• What do you distort in your life?

    In the late 1950’s Noam Chomsky completed his Ph.D. thesis Transformational Grammar. In it
    he explained that there are three processes by which people make sense of the world; Deletions,
    Distortions and Generalisations.

    So, if you make sense of your world by deleting, distorting and generalising things, how much clearer would it make it if we knew exactly what those things were?

    What if there were a way to know what was real and what you have constructed in your head?

    Many of us have been to parties with friends or family, and yet when we recall that event with those same family or friends we all have a different recollection of the party. We all chosen to delete, distort and generalise different aspects of the party.

    So let’s look a little bit more about what you might be distorting in the party that is your life!

    There are many ways that we distort the lives we see around us, I’m going to look at three of them in more detail, and they are cause-and-effect, complex equivalents and modal operators.

    Cause and effect

    The giveaway is the word ‘makes’. How many times have you heard someone say ” he/she makes me angry”? Or perhaps “going to work makes me stressed”.

    The real key is to know that being angry, or stressed is a choice. It is a choice about how you choose to react to a certain stimulus or input. If a person shouts at you, you have a choice about whether to be angry or not, don’t you? When you go to work you have a choice about whether you decide to let what happens affect you. You may decide that being angry or stressed is how you are going to react… But the event does not make you that way.

    Understanding that you have distorted the event and decided that it is going to make you do something is the first step to changing.

    The next step is to realise that in each of those situations, you have a choice. You can choose to be angry, or you can choose to be stressed. What are you choosing and why?

    Complex equivalents

    The giveaway is the word ‘means’. How many times have you heard someone say “Having no money means I’m not a success” or ” You shouting at me means you don’t love me” for example.

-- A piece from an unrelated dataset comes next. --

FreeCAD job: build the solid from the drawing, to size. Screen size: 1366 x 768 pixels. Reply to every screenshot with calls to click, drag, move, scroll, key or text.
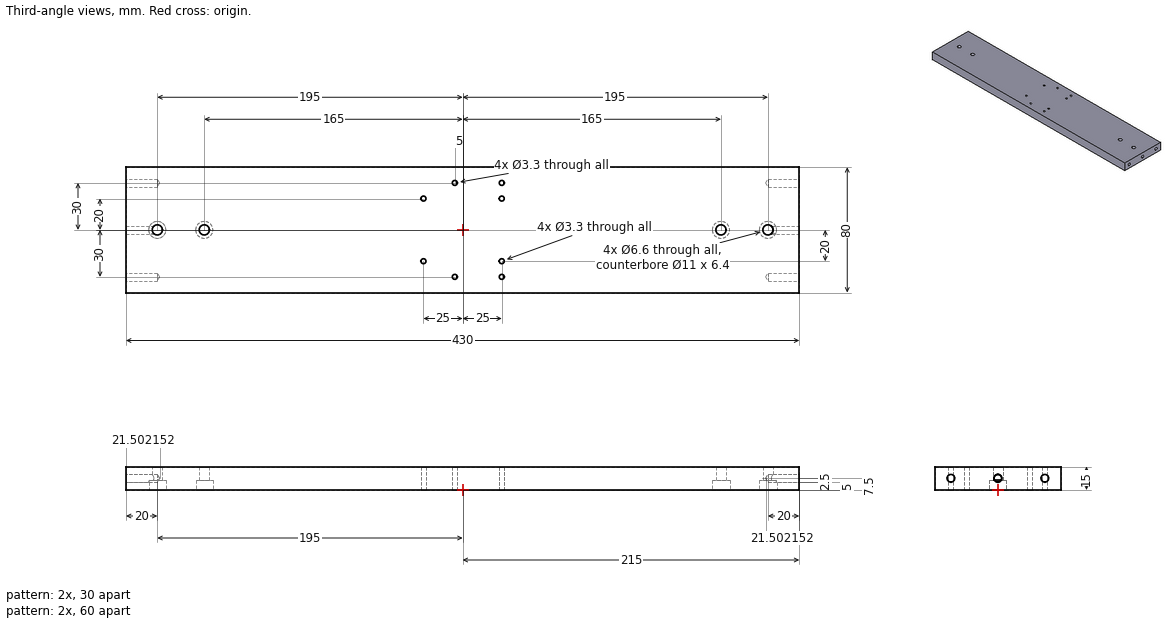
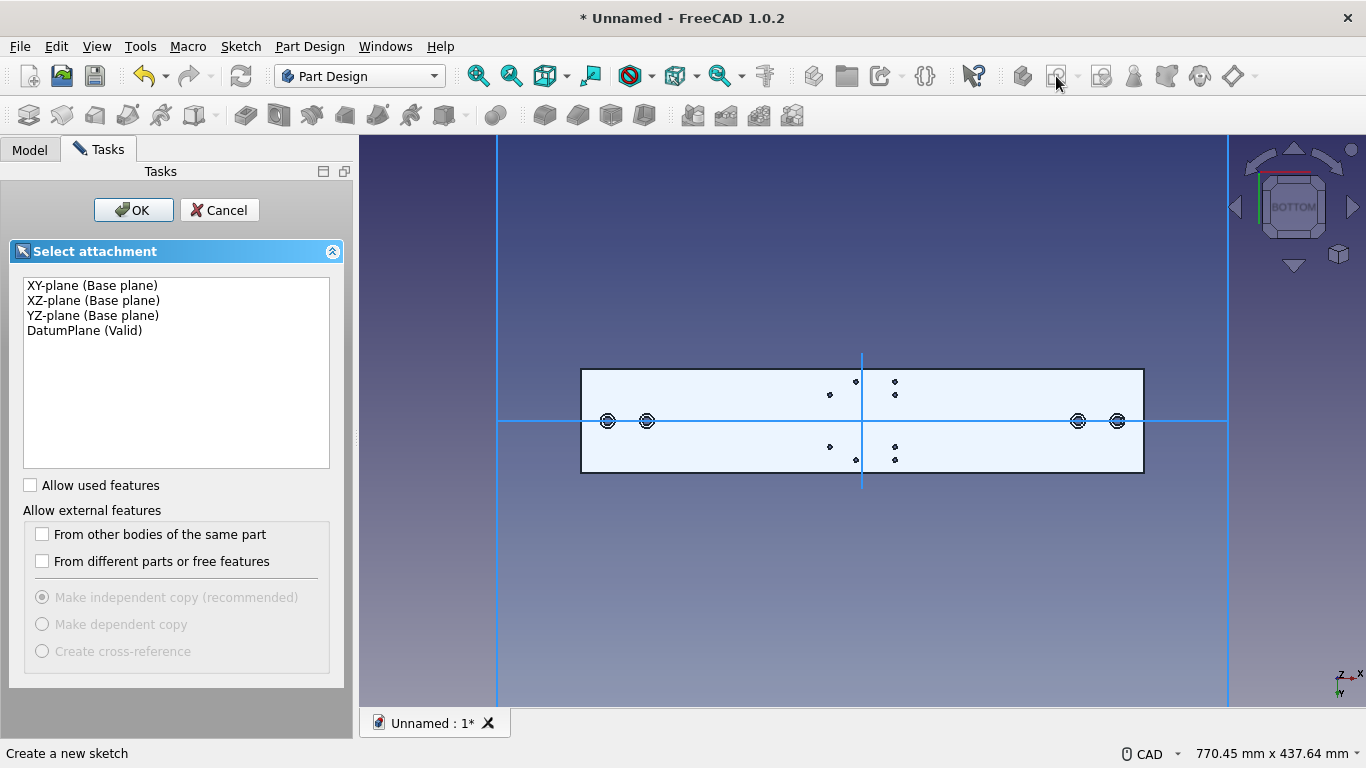
click(84, 300)
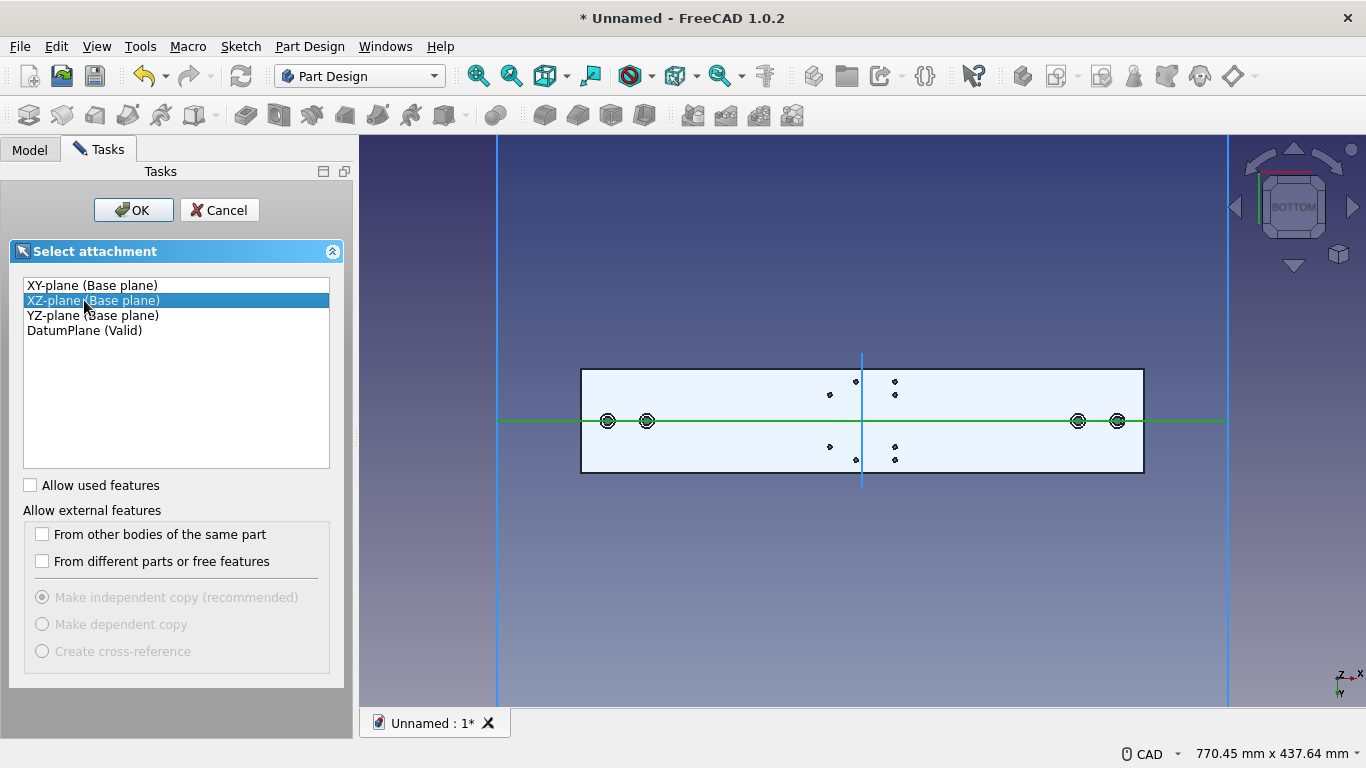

    Using the word ‘means’ is drawing a direct equivalent between one thing and another, and this equivalence is not reality. Let’s break those sentences down into two halves, half of the sentence before the word ‘means’ and half of the sentence after.

    ” You shouting at me means you don’t love me” – I am going to challenge that sentence, could someone shout at you and still love you? Could someone not shout at you and not love you? If either of these questions are true, then there can never be any direct correlation between shouting and love, can there?

    It is possible for a person to shout and still love you.

    It is possible for a person to not be shouting, and yet not to love you.

    This is definitely a play on the words, but as a Master Practitioner of Neurolinguistic Programming I notice many clients saying this type of thing often. The problem, especially with the love example is that an argument can begin around a statement that is simply not true. And indeed if it is broken down doesn’t seem to make sense any more!

    Being aware of what it means to use the word ‘means’ means you get it!

    Modal operators

    The give away here is the use of words like ‘need’, ‘should’ or ‘ought’. Using these words implies that there is some form of external force directing us into an action.

    “I ought to stop/start doing that”

    The question as a Master Practitioner of Neurolinguistic Programming I would want to know is, ‘who says?’.

    I saw a client the other day for weight loss, she wanted to lose weight and when I asked her why she told me that the doctor told her that she should. I repeated my question, and asked again why she wanted to lose weight. She replied once more, “Because the doctor told me I should”.

    Where is her motivation?

    What does she get out of losing weight, specifically that is for her?

    Until this person realises that they want to lose weight and can see the benefits themselves then change will never happen. Words like ought, should, or need imply an external motivation… And external motivations are never as powerful as internal motivations.

    Until my weight loss client replies telling me that she wants to lose weight for herself, and can give me very specific reasons why she wants to that benefit herself I will not be working with her! Change happens when we take charge and control of our own lives, and stop looking to external motivations to make things happen.

    Summary

    As you can now see we use language and words to distort reality all day long. Most of the time we do it without even thinking about it, and now you know what to look out for I wonder, how many times you will notice yourself using these words over the coming weeks?

    Make a decision now to start being aware of your language, its meaning and how you distort the world around you.